▸ **Task goal**
Every line that contains the word "with" is to be copied from the listing.

▸ **Extracted material**

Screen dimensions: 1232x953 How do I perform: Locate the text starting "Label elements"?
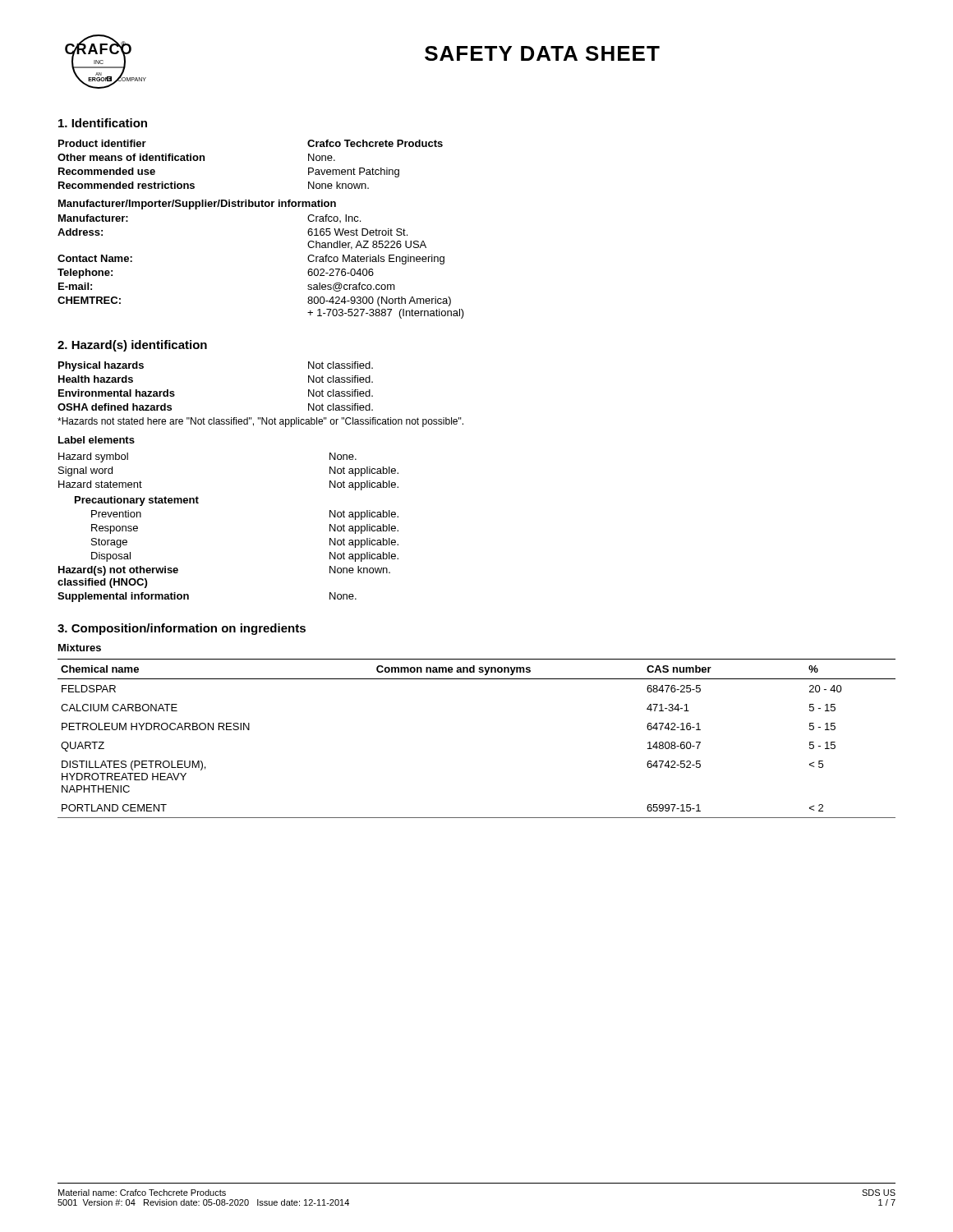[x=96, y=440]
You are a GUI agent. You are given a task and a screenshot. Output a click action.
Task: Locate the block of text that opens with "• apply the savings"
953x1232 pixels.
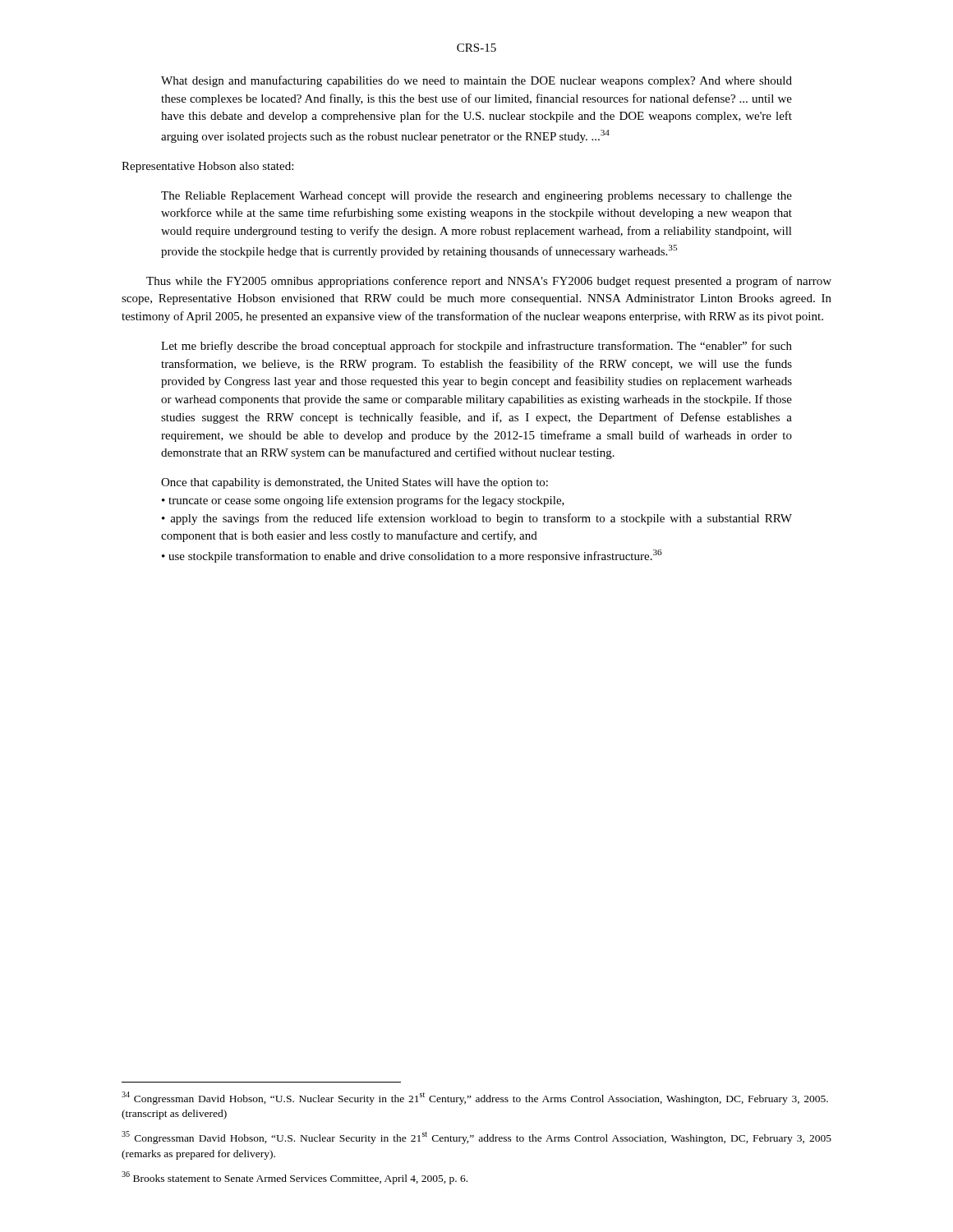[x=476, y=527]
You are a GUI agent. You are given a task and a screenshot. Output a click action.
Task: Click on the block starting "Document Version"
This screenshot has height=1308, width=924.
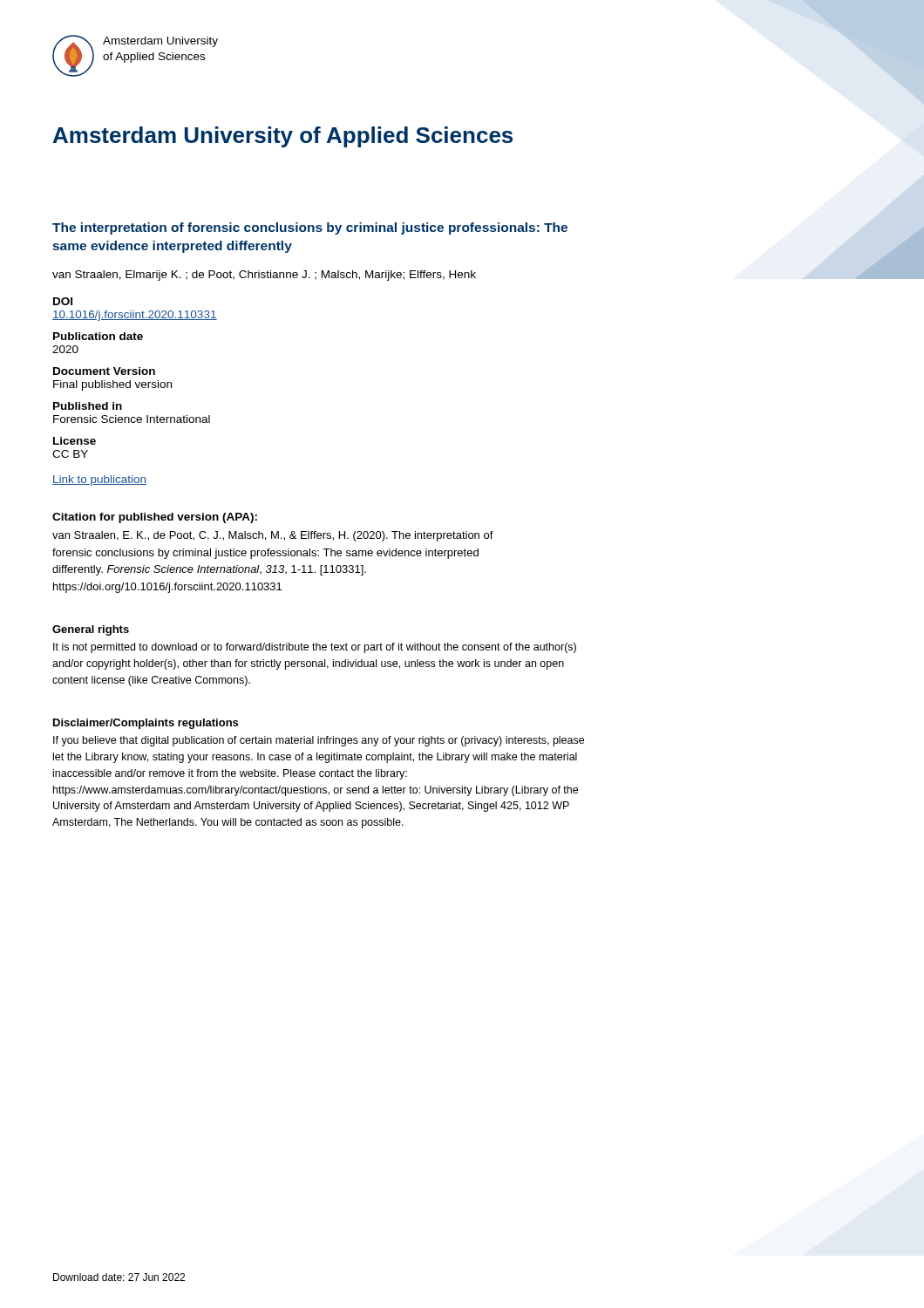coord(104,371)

---

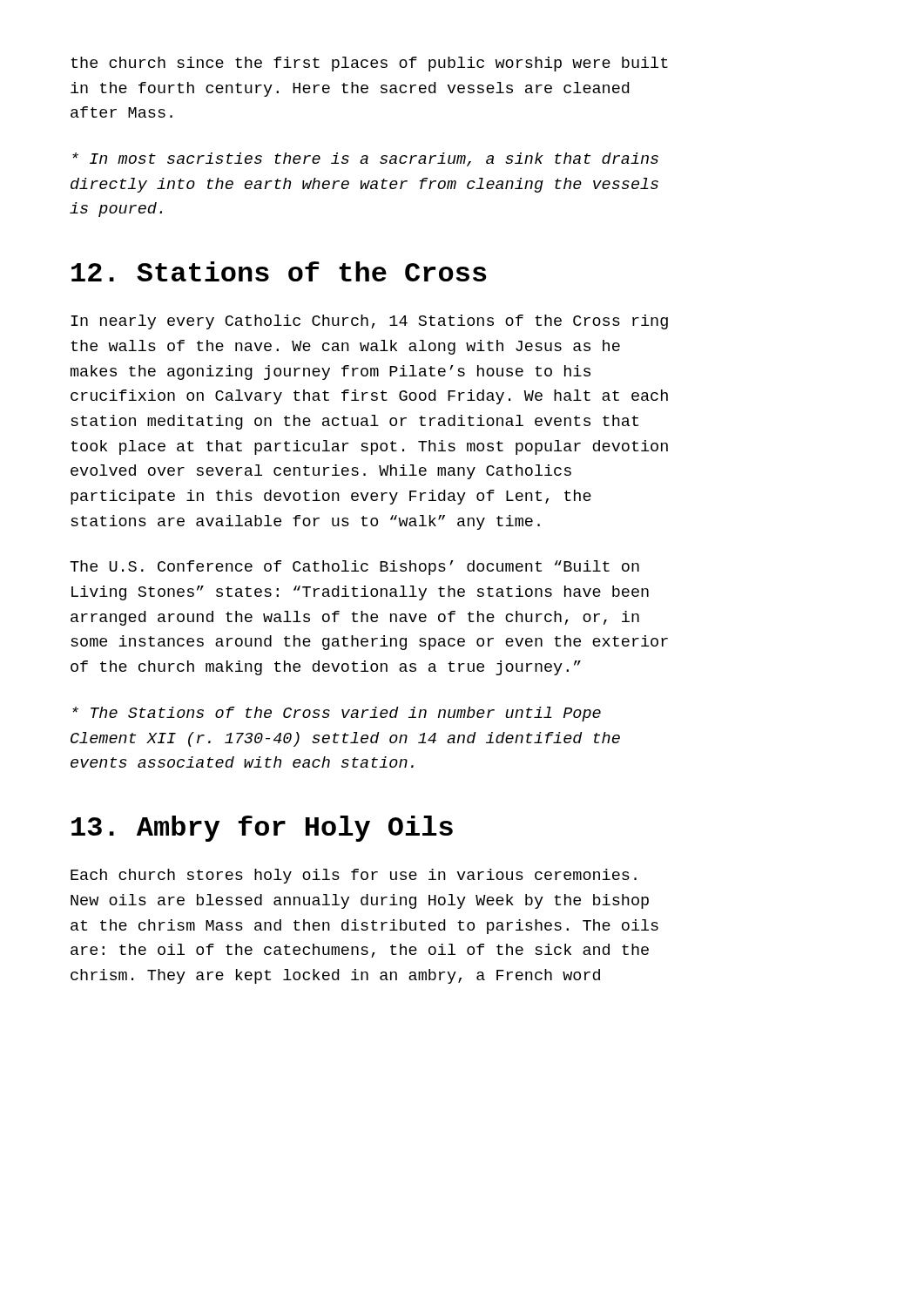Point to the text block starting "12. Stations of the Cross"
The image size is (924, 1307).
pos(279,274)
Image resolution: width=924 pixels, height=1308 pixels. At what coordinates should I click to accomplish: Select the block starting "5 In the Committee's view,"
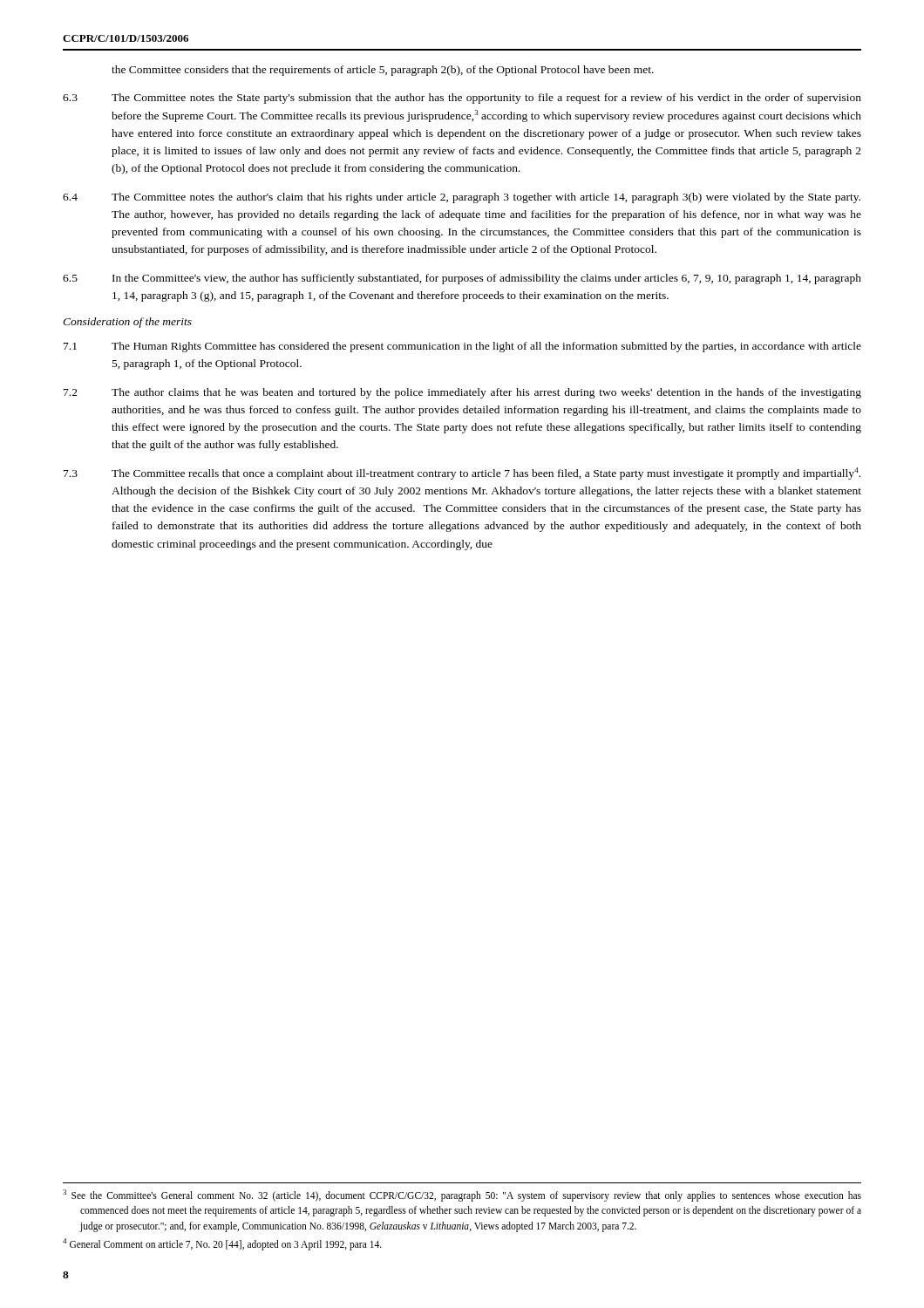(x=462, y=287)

...

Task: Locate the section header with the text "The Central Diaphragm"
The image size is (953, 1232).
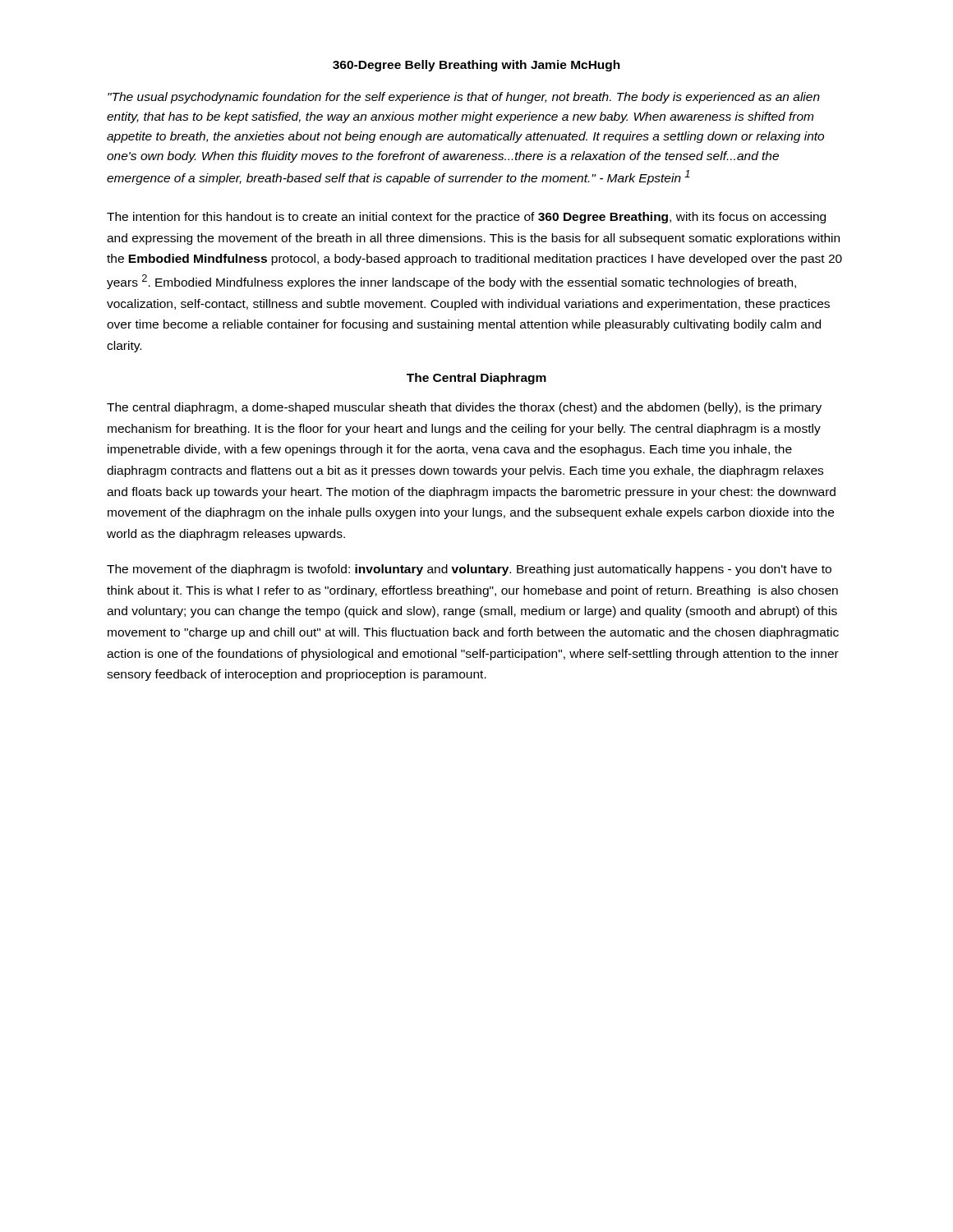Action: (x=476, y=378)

▸ **Output for this exercise**
Task: Locate the block of text that opens with "• apply the savings"
Task: Locate the section header with the text "The Central Diaphragm"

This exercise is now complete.